──────── Stored data
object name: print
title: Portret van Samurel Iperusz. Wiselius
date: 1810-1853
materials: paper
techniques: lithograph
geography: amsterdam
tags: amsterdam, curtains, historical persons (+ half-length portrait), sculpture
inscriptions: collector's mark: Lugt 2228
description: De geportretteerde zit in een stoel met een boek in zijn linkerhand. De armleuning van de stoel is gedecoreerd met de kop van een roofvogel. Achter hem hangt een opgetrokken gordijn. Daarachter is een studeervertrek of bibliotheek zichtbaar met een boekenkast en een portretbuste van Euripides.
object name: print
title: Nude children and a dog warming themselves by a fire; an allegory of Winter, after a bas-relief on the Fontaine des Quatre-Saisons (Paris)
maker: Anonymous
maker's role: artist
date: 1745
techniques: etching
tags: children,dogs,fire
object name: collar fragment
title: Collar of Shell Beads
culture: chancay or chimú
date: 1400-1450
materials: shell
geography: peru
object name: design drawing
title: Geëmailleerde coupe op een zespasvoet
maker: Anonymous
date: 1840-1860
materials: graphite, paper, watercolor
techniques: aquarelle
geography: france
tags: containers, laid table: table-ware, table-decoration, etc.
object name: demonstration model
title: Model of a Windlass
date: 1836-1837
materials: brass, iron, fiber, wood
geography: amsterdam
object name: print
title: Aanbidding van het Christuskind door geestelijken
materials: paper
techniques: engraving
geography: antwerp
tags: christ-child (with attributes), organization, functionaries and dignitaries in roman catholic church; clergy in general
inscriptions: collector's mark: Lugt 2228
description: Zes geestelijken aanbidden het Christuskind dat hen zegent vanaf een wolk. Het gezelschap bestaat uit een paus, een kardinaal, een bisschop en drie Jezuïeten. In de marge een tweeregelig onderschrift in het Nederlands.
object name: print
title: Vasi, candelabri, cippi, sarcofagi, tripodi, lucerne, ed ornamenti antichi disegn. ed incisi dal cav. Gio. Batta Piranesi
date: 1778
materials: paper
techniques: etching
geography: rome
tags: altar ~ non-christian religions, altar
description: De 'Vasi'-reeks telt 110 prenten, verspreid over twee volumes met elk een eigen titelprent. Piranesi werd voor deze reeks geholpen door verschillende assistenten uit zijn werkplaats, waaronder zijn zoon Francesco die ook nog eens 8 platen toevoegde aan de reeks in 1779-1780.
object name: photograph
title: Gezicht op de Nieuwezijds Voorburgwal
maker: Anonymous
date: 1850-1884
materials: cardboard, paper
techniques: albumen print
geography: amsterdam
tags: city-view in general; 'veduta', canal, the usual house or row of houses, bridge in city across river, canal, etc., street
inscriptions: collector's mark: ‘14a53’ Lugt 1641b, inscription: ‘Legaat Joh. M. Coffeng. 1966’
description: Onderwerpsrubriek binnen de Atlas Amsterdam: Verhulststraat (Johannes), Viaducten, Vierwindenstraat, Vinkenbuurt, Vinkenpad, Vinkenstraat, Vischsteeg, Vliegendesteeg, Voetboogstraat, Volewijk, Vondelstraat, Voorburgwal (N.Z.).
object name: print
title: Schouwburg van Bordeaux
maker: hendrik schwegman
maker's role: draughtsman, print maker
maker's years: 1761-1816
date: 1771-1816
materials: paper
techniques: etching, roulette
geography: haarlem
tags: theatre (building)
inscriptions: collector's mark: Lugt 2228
────────────────
Exercise goal: Each line from the one with "title: Gezicht op de Nieuwezijds Voorburgwal" through the end of the records above should be written out exactly. No other line should appear.

Expected answer:
title: Gezicht op de Nieuwezijds Voorburgwal
maker: Anonymous
date: 1850-1884
materials: cardboard, paper
techniques: albumen print
geography: amsterdam
tags: city-view in general; 'veduta', canal, the usual house or row of houses, bridge in city across river, canal, etc., street
inscriptions: collector's mark: ‘14a53’ Lugt 1641b, inscription: ‘Legaat Joh. M. Coffeng. 1966’
description: Onderwerpsrubriek binnen de Atlas Amsterdam: Verhulststraat (Johannes), Viaducten, Vierwindenstraat, Vinkenbuurt, Vinkenpad, Vinkenstraat, Vischsteeg, Vliegendesteeg, Voetboogstraat, Volewijk, Vondelstraat, Voorburgwal (N.Z.).
object name: print
title: Schouwburg van Bordeaux
maker: hendrik schwegman
maker's role: draughtsman, print maker
maker's years: 1761-1816
date: 1771-1816
materials: paper
techniques: etching, roulette
geography: haarlem
tags: theatre (building)
inscriptions: collector's mark: Lugt 2228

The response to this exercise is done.